### [What is required]
Search the listing below for the string "each", then copy every line it appears in.

### [Task material]

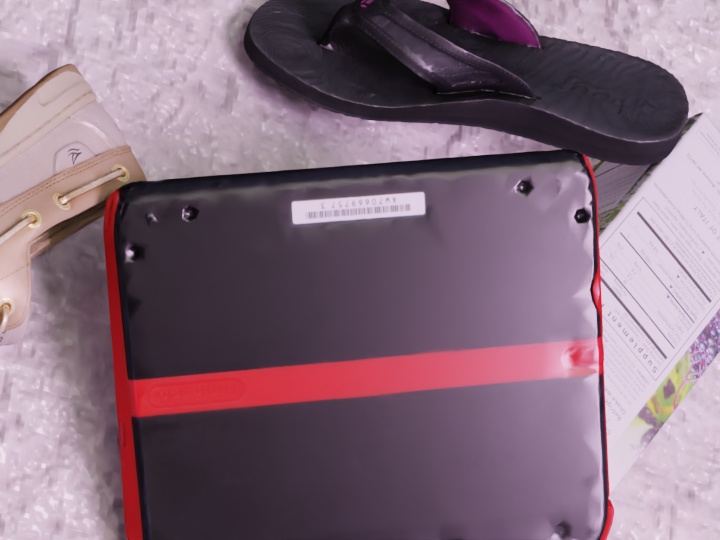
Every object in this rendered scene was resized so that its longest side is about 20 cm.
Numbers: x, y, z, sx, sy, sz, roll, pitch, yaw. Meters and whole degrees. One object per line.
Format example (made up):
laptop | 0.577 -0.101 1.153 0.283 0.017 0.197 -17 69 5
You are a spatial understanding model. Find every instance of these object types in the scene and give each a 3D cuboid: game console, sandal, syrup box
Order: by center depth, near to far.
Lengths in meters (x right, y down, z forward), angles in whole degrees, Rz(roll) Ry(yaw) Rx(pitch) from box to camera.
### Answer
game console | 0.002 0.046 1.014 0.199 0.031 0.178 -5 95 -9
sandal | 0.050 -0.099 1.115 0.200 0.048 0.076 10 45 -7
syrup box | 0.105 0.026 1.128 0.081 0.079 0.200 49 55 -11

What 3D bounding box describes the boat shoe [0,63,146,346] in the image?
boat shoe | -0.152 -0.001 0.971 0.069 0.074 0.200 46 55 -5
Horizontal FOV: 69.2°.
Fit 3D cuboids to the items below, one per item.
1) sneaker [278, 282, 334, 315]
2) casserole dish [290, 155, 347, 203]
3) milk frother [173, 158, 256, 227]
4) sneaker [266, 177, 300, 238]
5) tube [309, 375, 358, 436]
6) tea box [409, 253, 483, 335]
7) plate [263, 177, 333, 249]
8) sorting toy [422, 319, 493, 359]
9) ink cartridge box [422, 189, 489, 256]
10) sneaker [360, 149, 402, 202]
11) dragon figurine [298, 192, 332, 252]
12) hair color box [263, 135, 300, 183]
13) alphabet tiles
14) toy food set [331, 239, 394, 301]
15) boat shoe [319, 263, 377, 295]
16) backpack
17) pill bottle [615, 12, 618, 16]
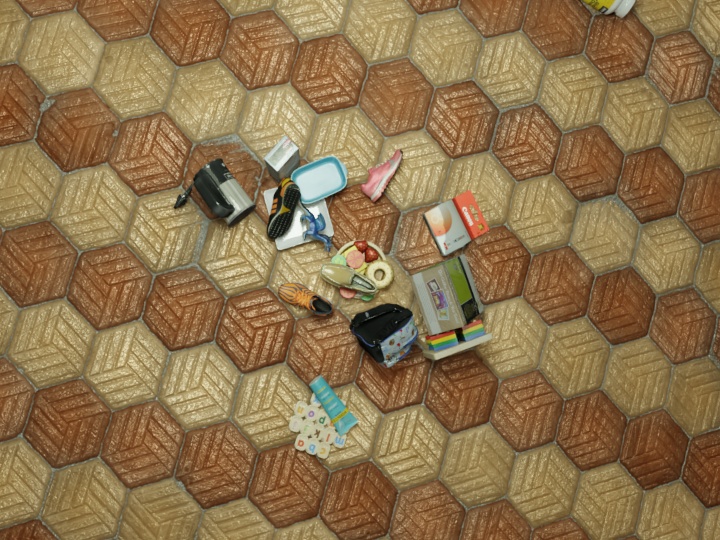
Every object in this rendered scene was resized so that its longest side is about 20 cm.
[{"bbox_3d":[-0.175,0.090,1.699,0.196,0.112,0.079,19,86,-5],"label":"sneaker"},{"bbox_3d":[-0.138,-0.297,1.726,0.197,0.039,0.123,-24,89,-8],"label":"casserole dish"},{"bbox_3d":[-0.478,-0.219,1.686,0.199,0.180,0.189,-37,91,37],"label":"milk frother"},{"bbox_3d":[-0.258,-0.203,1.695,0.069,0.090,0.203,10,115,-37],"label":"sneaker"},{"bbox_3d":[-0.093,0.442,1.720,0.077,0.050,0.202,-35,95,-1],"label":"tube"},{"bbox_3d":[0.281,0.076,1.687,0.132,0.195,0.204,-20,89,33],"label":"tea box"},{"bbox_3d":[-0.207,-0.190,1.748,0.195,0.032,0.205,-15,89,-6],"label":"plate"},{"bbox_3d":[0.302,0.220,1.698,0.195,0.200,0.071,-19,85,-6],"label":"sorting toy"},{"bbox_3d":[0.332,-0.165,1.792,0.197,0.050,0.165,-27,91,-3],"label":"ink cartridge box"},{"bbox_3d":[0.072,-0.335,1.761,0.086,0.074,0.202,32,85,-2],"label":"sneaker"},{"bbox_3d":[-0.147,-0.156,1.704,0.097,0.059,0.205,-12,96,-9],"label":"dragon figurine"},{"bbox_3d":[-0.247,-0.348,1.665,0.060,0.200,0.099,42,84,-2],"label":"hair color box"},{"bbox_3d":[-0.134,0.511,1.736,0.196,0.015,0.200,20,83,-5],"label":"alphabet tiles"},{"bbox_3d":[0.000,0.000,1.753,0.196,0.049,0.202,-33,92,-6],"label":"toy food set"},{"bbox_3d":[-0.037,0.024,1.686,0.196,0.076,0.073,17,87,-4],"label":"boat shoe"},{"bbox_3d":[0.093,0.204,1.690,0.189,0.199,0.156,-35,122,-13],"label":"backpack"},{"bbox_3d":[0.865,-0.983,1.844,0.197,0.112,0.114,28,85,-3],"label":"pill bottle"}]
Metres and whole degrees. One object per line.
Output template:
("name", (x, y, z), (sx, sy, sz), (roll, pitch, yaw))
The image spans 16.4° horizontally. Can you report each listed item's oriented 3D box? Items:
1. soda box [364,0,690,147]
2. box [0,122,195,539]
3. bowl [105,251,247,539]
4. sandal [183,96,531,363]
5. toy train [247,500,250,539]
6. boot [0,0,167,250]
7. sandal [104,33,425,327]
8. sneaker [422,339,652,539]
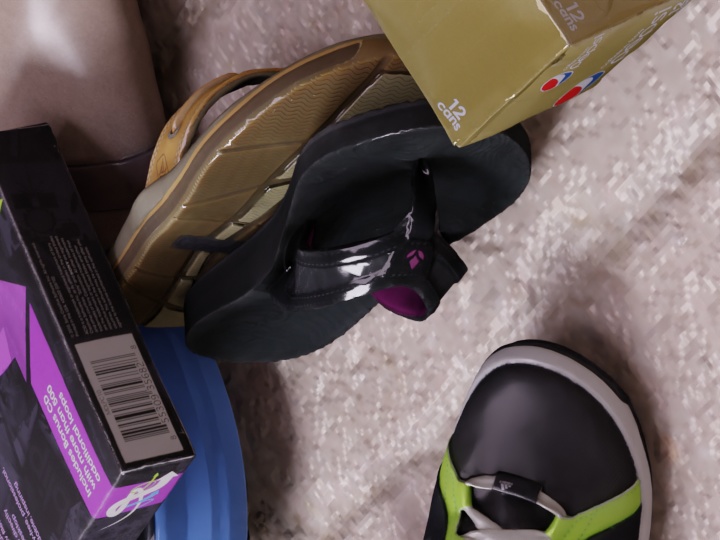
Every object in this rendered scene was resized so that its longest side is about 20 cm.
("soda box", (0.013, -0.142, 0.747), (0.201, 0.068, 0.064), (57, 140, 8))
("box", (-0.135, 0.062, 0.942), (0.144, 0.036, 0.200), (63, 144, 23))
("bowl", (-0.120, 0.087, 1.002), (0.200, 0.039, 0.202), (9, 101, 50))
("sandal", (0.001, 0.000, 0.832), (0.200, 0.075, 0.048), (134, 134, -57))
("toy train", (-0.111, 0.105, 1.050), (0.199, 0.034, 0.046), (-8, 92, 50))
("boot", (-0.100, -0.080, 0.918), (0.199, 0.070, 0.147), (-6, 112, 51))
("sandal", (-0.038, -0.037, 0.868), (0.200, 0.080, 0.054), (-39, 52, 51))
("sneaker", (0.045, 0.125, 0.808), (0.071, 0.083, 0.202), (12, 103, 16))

### [Exercise result]
You are a spatial understanding model. Find every instance of these object types in the scene and give each a 3D cuboid: game console, sandal, syrup box
The image spans 16.4° horizontally. Can you report each listed item's oriented 3D box? Items:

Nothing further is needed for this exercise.